The task | Would you transcribe the listing exactly as it stands, minus any images?
##############################
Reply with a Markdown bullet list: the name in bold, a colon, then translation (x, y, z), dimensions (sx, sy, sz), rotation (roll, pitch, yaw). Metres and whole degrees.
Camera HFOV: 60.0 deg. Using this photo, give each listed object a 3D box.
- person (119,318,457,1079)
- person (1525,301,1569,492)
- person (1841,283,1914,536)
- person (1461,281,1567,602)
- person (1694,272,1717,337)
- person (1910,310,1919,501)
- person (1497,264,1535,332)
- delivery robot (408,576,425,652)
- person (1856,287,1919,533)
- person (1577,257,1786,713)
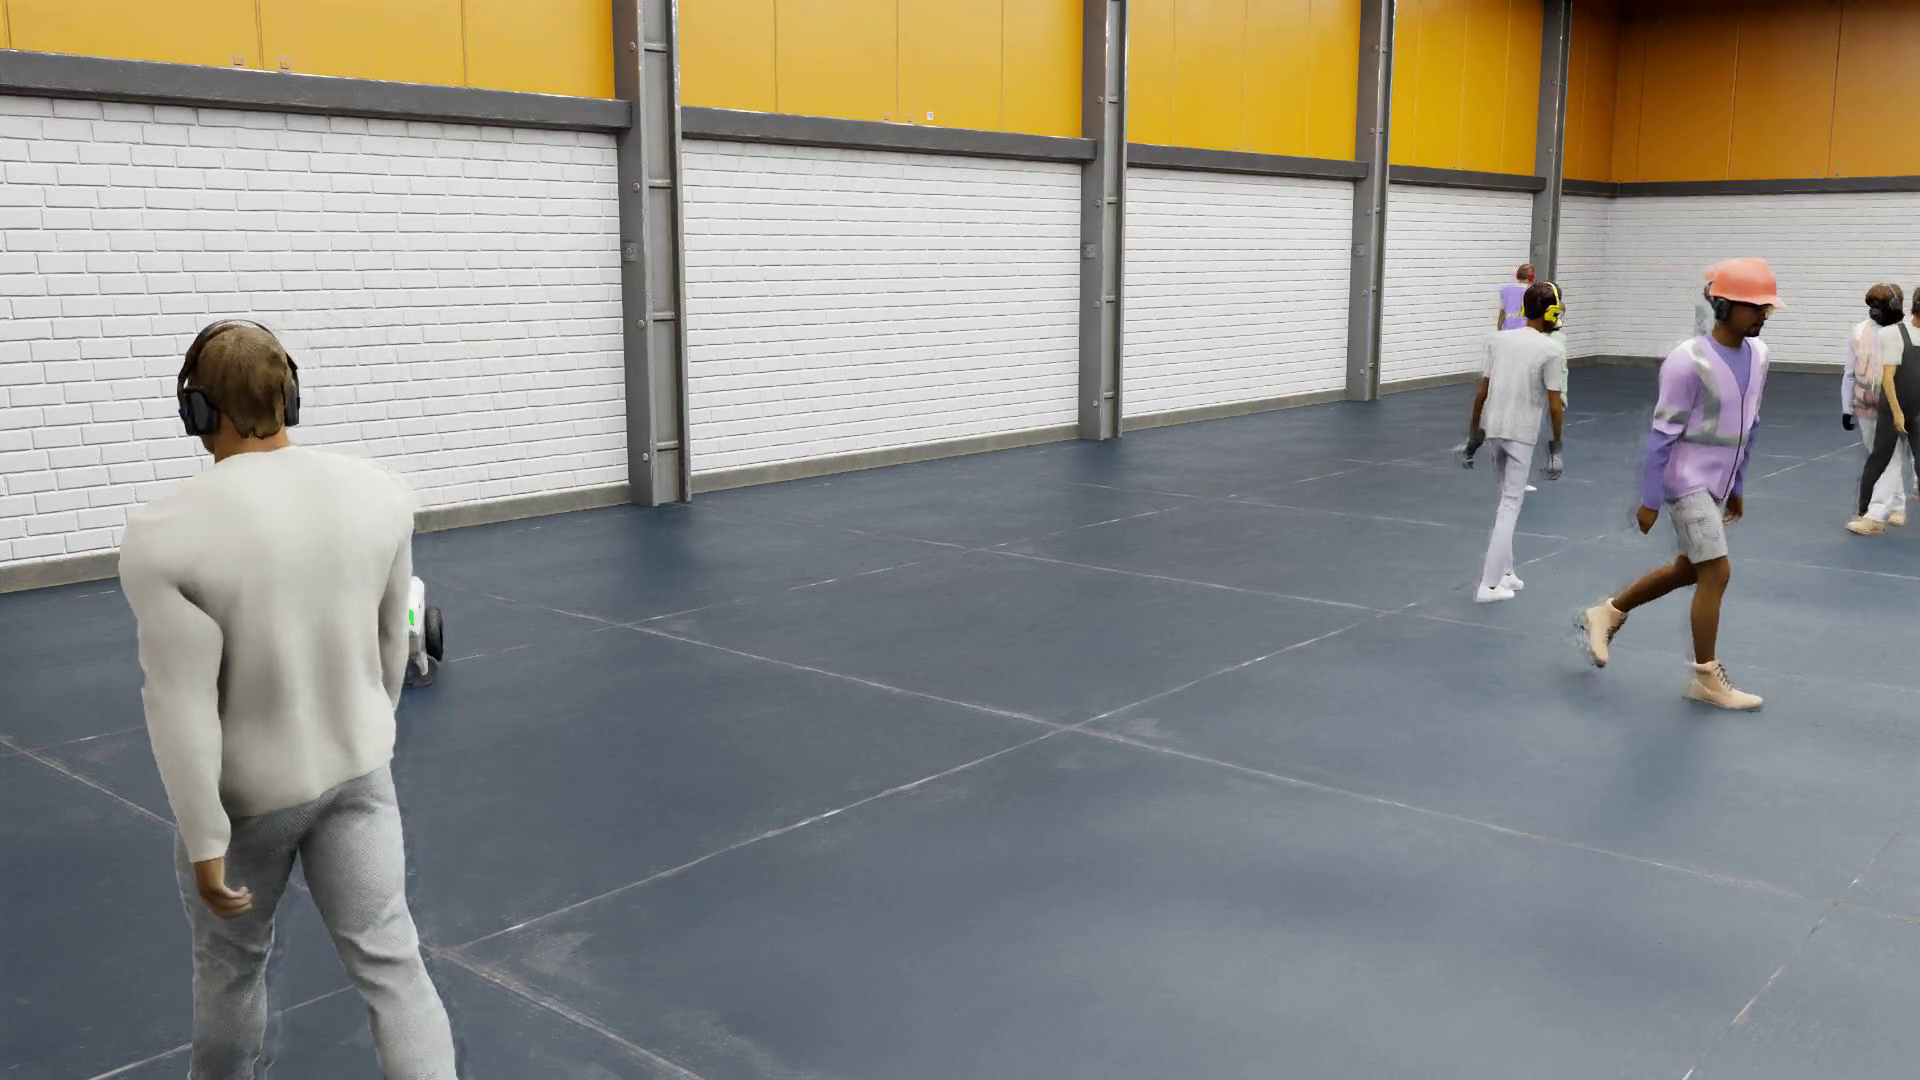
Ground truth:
- **person**: translation (-1.364, 0.498, 3.411), dimensions (1.039, 1.893, 0.631), rotation (9, 13, 40)
- **person**: translation (4.780, -1.195, 13.802), dimensions (0.532, 1.609, 0.411), rotation (-5, 11, -27)
- **person**: translation (6.659, -0.951, 11.943), dimensions (0.939, 1.782, 0.650), rotation (-7, 12, -34)
- **person**: translation (3.221, -0.561, 9.569), dimensions (0.660, 1.829, 0.553), rotation (-7, 12, -33)
- **person**: translation (9.390, -2.467, 20.700), dimensions (0.488, 1.732, 0.533), rotation (5, 11, 26)
- **person**: translation (7.777, -1.259, 13.136), dimensions (0.622, 1.975, 0.521), rotation (0, 10, 2)
- **person**: translation (7.309, -2.654, 21.543), dimensions (0.591, 1.809, 0.874), rotation (8, 13, 39)
- **delivery robot**: translation (-2.709, 0.338, 7.818), dimensions (0.477, 0.478, 0.707), rotation (-3, 10, -15)
- **person**: translation (6.603, -0.879, 11.526), dimensions (0.501, 1.783, 1.001), rotation (0, 10, -2)
- **person**: translation (3.230, -0.275, 7.501), dimensions (0.621, 1.997, 0.911), rotation (-7, 12, -34)
##############################
Output of the task |
Reply with a Markdown bullet list: the name in bold, a colon, then translation (x, y, z), dimensions (sx, sy, sz), rotation (roll, pitch, yaw). Metres and whole degrees.
Camera HFOV: 60.0 deg. Using this photo, give each listed object a 3D box.
- person (119,318,457,1079)
- person (1525,301,1569,492)
- person (1841,283,1914,536)
- person (1461,281,1567,602)
- person (1694,272,1717,337)
- person (1910,310,1919,501)
- person (1497,264,1535,332)
- delivery robot (408,576,425,652)
- person (1856,287,1919,533)
- person (1577,257,1786,713)
Ground truth:
- **person**: translation (-1.364, 0.498, 3.411), dimensions (1.039, 1.893, 0.631), rotation (9, 13, 40)
- **person**: translation (4.780, -1.195, 13.802), dimensions (0.532, 1.609, 0.411), rotation (-5, 11, -27)
- **person**: translation (6.659, -0.951, 11.943), dimensions (0.939, 1.782, 0.650), rotation (-7, 12, -34)
- **person**: translation (3.221, -0.561, 9.569), dimensions (0.660, 1.829, 0.553), rotation (-7, 12, -33)
- **person**: translation (9.390, -2.467, 20.700), dimensions (0.488, 1.732, 0.533), rotation (5, 11, 26)
- **person**: translation (7.777, -1.259, 13.136), dimensions (0.622, 1.975, 0.521), rotation (0, 10, 2)
- **person**: translation (7.309, -2.654, 21.543), dimensions (0.591, 1.809, 0.874), rotation (8, 13, 39)
- **delivery robot**: translation (-2.709, 0.338, 7.818), dimensions (0.477, 0.478, 0.707), rotation (-3, 10, -15)
- **person**: translation (6.603, -0.879, 11.526), dimensions (0.501, 1.783, 1.001), rotation (0, 10, -2)
- **person**: translation (3.230, -0.275, 7.501), dimensions (0.621, 1.997, 0.911), rotation (-7, 12, -34)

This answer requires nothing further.